Jest to i nasze zadanie wielkopostne: przygotować się do zmartwychwstania z grzechu. Musi się w naszym sercu i w naszym życiu skruszyć i spopielić to co było marne i niegodne i od czego pragniemy się odżegnać. Ma służyć temu nie tylko znak popiołu, ale i wszystkie pokutne praktyki Wielkiego Postu.
Jeśli natomiast ktoś ma pretensję do Kościoła, że mówi tylko o pokucie, umartwieniu i wyrzeczeniu - to zwróćmy uwagę, że Pan Jezus właśnie w dzisiejszym fragmencie Ewangelii poleca spełniać te praktyki dyskretnie i bez ostentacji, nie wysuwać ich na pierwszy plan jako najważniejszego elementu naszej pobożności.
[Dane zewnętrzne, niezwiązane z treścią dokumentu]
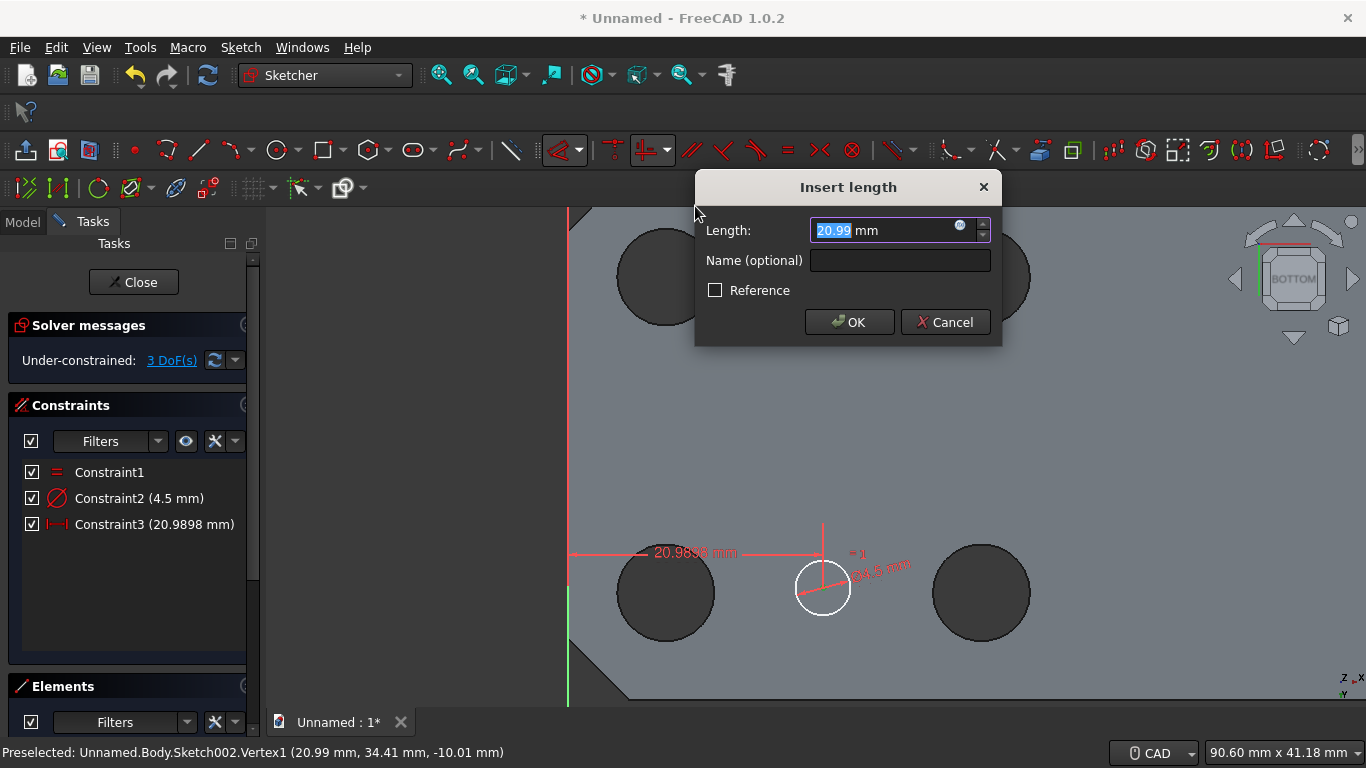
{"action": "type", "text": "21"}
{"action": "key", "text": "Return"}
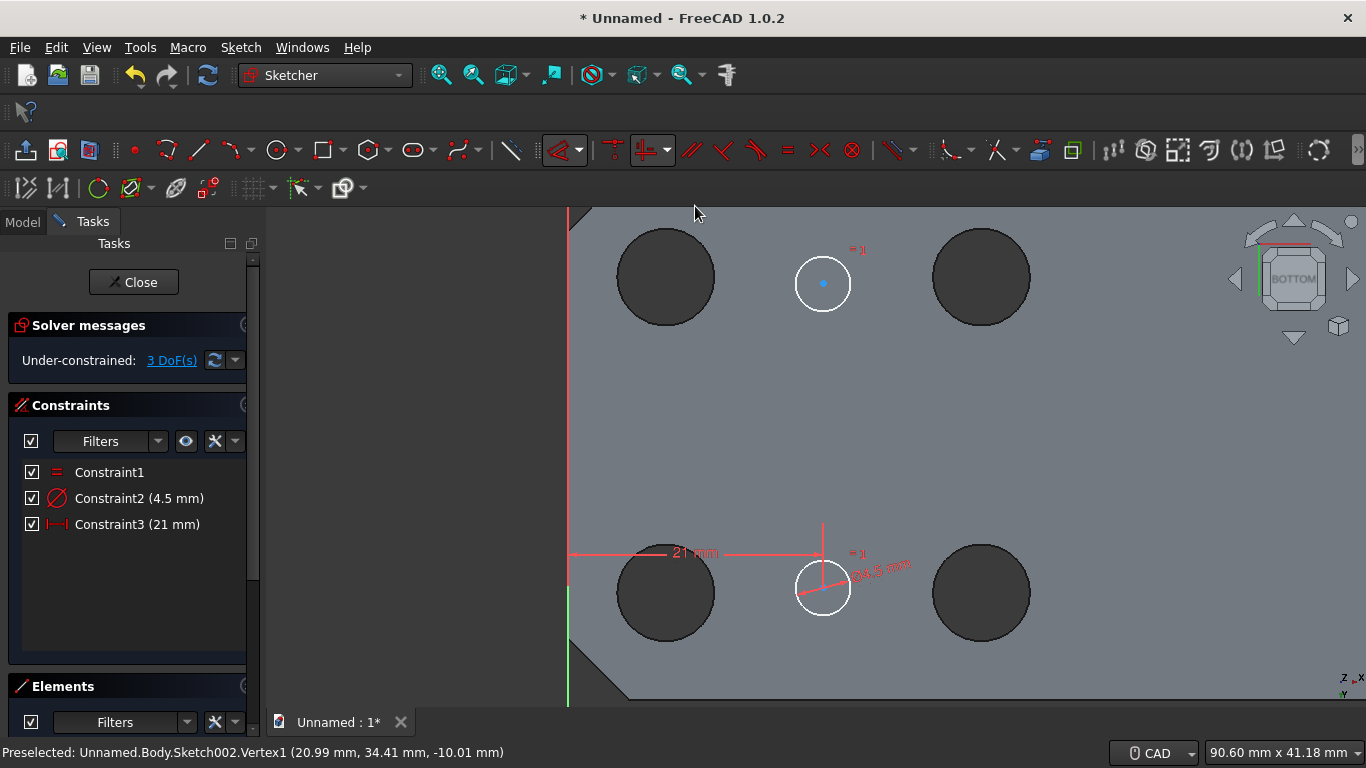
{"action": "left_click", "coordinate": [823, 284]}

Gdyż w gruncie rzeczy nie chodzi o zewnętrzne znaki - ale o naszą duchową przemianę; dostrzeże ją Ten, który widzi w skrytości.
A więc rozdzierajmy serca, a nie szaty.
Gdy zdruzgotany oglądam rozlatujące się dzieło życia
- to nie jest rozdarte serce.
Gdy patrzę bezradnie na śmierć kogoś bardzo bliskiego
- to nie jest rozdarte serce.
Gdy najlepszy przyjaciel staje się wrogiem
- to nie jest rozdarte serce.
Gdy pierwsza miłość odwraca się plecami
- to nie jest rozdarte serce.
Gdy jestem ośmieszany i wytykany palcami
- to nie jest rozdarte serce.
Gdy mam wybierać między złem mniejszym i większym
- to nie jest rozdarte serce.
Gdy nie wiem jaki ma być kolejny krok
- to nie jest rozdarte serce.
Gdy odrzucony przez wszystkich płaczę nad sobą
- to nie jest rozdarte serce.
Gdy w ciszy ciemnego kościoła leżę na zimnej posadzce, powtarzając z miłością: „Przepuść, Panie, przepuść” i płaczę nad swoimi grzechami
- to jest rozdarte serce.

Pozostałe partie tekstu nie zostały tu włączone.